Soon, though, Puck realizes that Oberon’s belligerent façade is just that, and his schemes of strategic seduction are submerged beneath budding infatuation. Now, Puck will have to muster all his tricks, from sonnets to the lash, to win the fairy king’s heart—a task which becomes substantially more difficult when Oberon discovers that Puck has been consorting with mortals...

Midsummer Sky
No one knows why Oberon, king of the greatest fairy court in the world, doesn’t have wings. Not even his crafty lover, Puck, who prides himself on being privy to all Oberon’s secrets.

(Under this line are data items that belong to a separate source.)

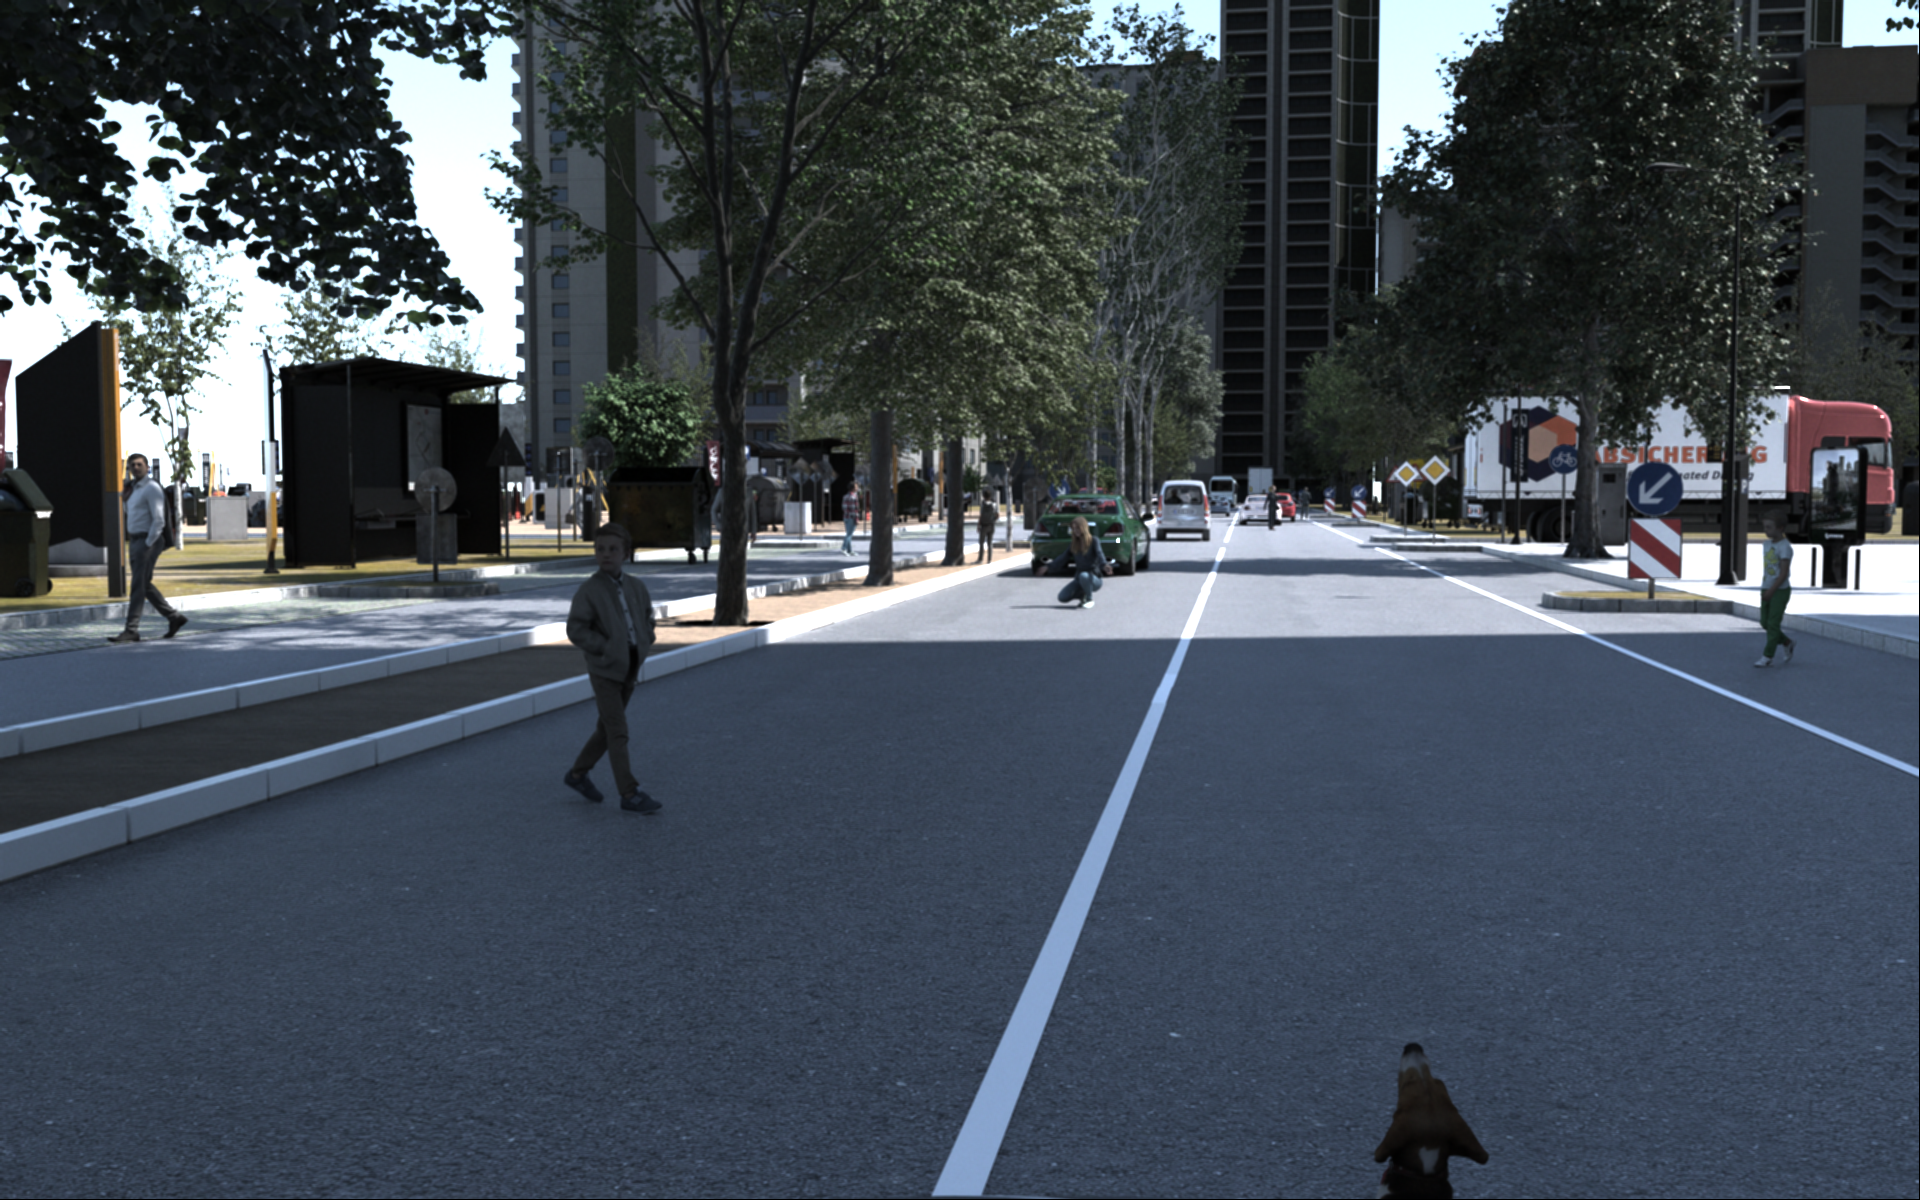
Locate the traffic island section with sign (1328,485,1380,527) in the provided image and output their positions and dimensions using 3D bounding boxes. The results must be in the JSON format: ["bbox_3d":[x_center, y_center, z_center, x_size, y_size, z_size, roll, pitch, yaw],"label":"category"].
[{"bbox_3d":[17.448,-4.147,76.437,1.989,1.847,2.006,1,4,9],"label":"traffic island section with sign"}]

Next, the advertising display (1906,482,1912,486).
[{"bbox_3d":[49.428,-5.157,89.528,0.974,1.923,0.123,1,4,14],"label":"advertising display"}]

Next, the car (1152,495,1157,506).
[{"bbox_3d":[20.851,-10.412,182.600,2.083,1.381,4.827,1,4,9],"label":"car"}]

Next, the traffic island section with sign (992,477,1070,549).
[{"bbox_3d":[1.930,-2.328,46.205,2.006,1.907,1.989,1,4,9],"label":"traffic island section with sign"}]

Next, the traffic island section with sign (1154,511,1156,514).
[{"bbox_3d":[15.354,-7.310,127.656,2.006,1.907,1.989,1,4,9],"label":"traffic island section with sign"}]

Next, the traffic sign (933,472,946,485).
[{"bbox_3d":[-1.139,-5.939,97.201,0.768,2.556,0.104,1,4,19],"label":"traffic sign"}]

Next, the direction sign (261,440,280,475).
[{"bbox_3d":[-28.655,-4.896,72.048,0.876,3.537,0.379,1,4,17],"label":"direction sign"}]

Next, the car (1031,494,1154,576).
[{"bbox_3d":[2.459,-1.236,32.011,2.131,1.459,4.920,1,4,11],"label":"car"}]

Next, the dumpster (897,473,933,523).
[{"bbox_3d":[-2.120,-4.627,78.141,1.502,2.255,1.985,1,4,9],"label":"dumpster"}]

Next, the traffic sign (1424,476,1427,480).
[{"bbox_3d":[26.441,-5.941,97.247,0.768,2.556,0.104,1,4,11],"label":"traffic sign"}]

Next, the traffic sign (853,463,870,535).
[{"bbox_3d":[-3.010,-3.129,54.809,0.795,2.450,0.064,1,4,9],"label":"traffic sign"}]

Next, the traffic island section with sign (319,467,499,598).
[{"bbox_3d":[-7.694,-0.977,24.607,1.989,1.847,2.006,1,4,9],"label":"traffic island section with sign"}]

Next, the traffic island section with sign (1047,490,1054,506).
[{"bbox_3d":[5.681,-5.937,105.696,1.989,1.847,2.006,1,4,9],"label":"traffic island section with sign"}]

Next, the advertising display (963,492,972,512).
[{"bbox_3d":[0.383,-7.289,124.391,0.974,1.923,0.123,-2,4,-28],"label":"advertising display"}]

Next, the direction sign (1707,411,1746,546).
[{"bbox_3d":[18.999,-3.118,42.981,0.876,3.537,0.379,1,4,20],"label":"direction sign"}]

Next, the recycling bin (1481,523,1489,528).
[{"bbox_3d":[20.512,-3.295,66.425,0.722,1.027,0.722,-2,4,-24],"label":"recycling bin"}]

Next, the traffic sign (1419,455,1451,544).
[{"bbox_3d":[12.112,-2.481,44.213,0.795,2.450,0.064,1,4,9],"label":"traffic sign"}]

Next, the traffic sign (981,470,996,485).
[{"bbox_3d":[1.548,-5.817,95.108,0.884,2.594,0.081,1,4,10],"label":"traffic sign"}]

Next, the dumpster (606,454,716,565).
[{"bbox_3d":[-6.126,-1.866,35.465,1.985,2.255,1.502,1,4,10],"label":"dumpster"}]

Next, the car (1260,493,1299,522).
[{"bbox_3d":[16.468,-4.934,89.708,2.155,1.783,4.494,1,4,11],"label":"car"}]

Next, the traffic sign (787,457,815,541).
[{"bbox_3d":[-4.308,-2.648,46.930,0.795,2.450,0.064,1,4,9],"label":"traffic sign"}]

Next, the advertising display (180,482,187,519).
[{"bbox_3d":[-40.267,-5.178,89.870,0.123,1.923,0.974,-1,4,-11],"label":"advertising display"}]

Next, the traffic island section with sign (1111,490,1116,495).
[{"bbox_3d":[13.899,-8.988,155.589,1.989,1.847,2.006,1,4,9],"label":"traffic island section with sign"}]

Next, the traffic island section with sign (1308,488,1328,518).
[{"bbox_3d":[21.837,-5.774,103.034,1.989,1.847,2.006,1,4,9],"label":"traffic island section with sign"}]

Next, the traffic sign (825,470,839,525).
[{"bbox_3d":[-5.364,-4.291,71.336,0.795,2.450,0.064,1,4,12],"label":"traffic sign"}]

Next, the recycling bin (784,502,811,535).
[{"bbox_3d":[-5.166,-2.608,55.194,0.722,1.027,0.722,1,4,9],"label":"recycling bin"}]

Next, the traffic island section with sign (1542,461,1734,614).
[{"bbox_3d":[8.449,-0.806,21.804,1.989,1.847,2.006,1,4,9],"label":"traffic island section with sign"}]

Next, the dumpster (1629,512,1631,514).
[{"bbox_3d":[20.340,-3.183,54.534,1.502,2.255,1.985,1,4,9],"label":"dumpster"}]

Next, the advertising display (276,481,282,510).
[{"bbox_3d":[-32.861,-4.768,83.164,0.123,1.923,0.974,3,4,38],"label":"advertising display"}]

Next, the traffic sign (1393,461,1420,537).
[{"bbox_3d":[13.411,-2.963,52.092,0.795,2.450,0.064,1,4,9],"label":"traffic sign"}]

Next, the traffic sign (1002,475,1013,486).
[{"bbox_3d":[3.087,-6.876,112.527,0.768,2.556,0.104,1,4,10],"label":"traffic sign"}]

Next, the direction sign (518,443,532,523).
[{"bbox_3d":[-19.508,-5.208,77.145,0.876,3.537,0.379,0,4,-2],"label":"direction sign"}]

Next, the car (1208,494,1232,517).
[{"bbox_3d":[16.356,-6.029,110.570,2.014,1.417,4.499,1,4,9],"label":"car"}]

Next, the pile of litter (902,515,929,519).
[{"bbox_3d":[-2.380,-4.660,90.162,1.176,0.858,1.719,-1,4,-20],"label":"pile of litter"}]

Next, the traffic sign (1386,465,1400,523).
[{"bbox_3d":[19.482,-4.738,77.470,0.884,2.594,0.081,1,4,16],"label":"traffic sign"}]

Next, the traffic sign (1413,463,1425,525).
[{"bbox_3d":[18.954,-4.414,72.165,0.884,2.594,0.081,1,4,17],"label":"traffic sign"}]

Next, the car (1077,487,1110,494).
[{"bbox_3d":[7.545,-5.497,98.555,2.281,1.827,5.304,1,4,11],"label":"car"}]

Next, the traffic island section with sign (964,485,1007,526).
[{"bbox_3d":[1.289,-4.310,79.100,1.989,1.847,2.006,1,4,9],"label":"traffic island section with sign"}]

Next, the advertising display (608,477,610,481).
[{"bbox_3d":[-11.081,-3.172,57.074,0.974,1.923,0.123,-1,4,-10],"label":"advertising display"}]

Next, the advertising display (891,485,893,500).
[{"bbox_3d":[-4.742,-7.098,121.266,0.974,1.923,0.123,1,4,17],"label":"advertising display"}]

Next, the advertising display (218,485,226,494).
[{"bbox_3d":[-49.905,-6.840,117.043,0.974,1.923,0.123,3,5,39],"label":"advertising display"}]

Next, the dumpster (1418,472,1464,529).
[{"bbox_3d":[18.109,-3.838,65.245,1.502,2.255,1.985,1,4,9],"label":"dumpster"}]

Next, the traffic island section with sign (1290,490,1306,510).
[{"bbox_3d":[30.074,-8.833,153.046,1.989,1.847,2.006,1,4,9],"label":"traffic island section with sign"}]

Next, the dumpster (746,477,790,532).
[{"bbox_3d":[-6.613,-3.254,58.969,1.264,1.857,1.865,1,4,10],"label":"dumpster"}]

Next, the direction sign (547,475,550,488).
[{"bbox_3d":[-31.847,-8.687,134.024,0.379,3.537,0.876,-2,4,-25],"label":"direction sign"}]

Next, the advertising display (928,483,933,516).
[{"bbox_3d":[-1.813,-5.896,101.617,0.123,1.923,0.974,1,4,20],"label":"advertising display"}]

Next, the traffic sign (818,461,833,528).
[{"bbox_3d":[-5.222,-4.027,65.950,0.768,2.556,0.104,1,4,16],"label":"traffic sign"}]

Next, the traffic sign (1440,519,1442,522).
[{"bbox_3d":[21.808,-4.791,78.447,0.768,2.556,0.104,1,4,19],"label":"traffic sign"}]

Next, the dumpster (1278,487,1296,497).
[{"bbox_3d":[36.715,-11.601,194.624,1.985,2.255,1.502,1,4,9],"label":"dumpster"}]

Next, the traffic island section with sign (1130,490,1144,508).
[{"bbox_3d":[18.290,-10.615,182.185,1.989,1.847,2.006,1,4,9],"label":"traffic island section with sign"}]

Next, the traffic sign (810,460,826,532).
[{"bbox_3d":[-4.933,-3.537,59.012,0.795,2.450,0.064,1,4,15],"label":"traffic sign"}]

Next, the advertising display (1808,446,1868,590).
[{"bbox_3d":[11.921,-1.122,23.551,0.123,1.923,0.974,-1,4,-12],"label":"advertising display"}]

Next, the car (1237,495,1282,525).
[{"bbox_3d":[14.003,-4.187,80.815,2.083,1.381,4.827,0,4,8],"label":"car"}]

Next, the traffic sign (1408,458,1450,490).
[{"bbox_3d":[26.395,-6.346,97.628,2.265,3.308,0.079,1,4,13],"label":"traffic sign"}]

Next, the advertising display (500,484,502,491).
[{"bbox_3d":[-28.534,-6.173,106.142,0.974,1.923,0.123,1,4,13],"label":"advertising display"}]

But that’s about to change, for Oberon’s mother has revealed to her son that there may be a way to regain his lost wings—provided Oberon is willing to risk losing Puck...

Midsummer Court
While Titania is visiting her relatives, Oberon is left to govern the fairy court in her absence, with Puck, his lover and adviser, at his side. Despite Puck’s efforts to drag the king away from his duties and towards more salacious pursuits, Oberon remains loved and respected by the majority of his people. But trouble looms on the horizon; Oberon’s rumoured perversity and failure to produce an heir have earned him a handful of political enemies. When disaster strikes the court at the solstice feast, they are quick to point the finger of blame at the one they hold responsible for Oberon’s weaknesses—Puck himself.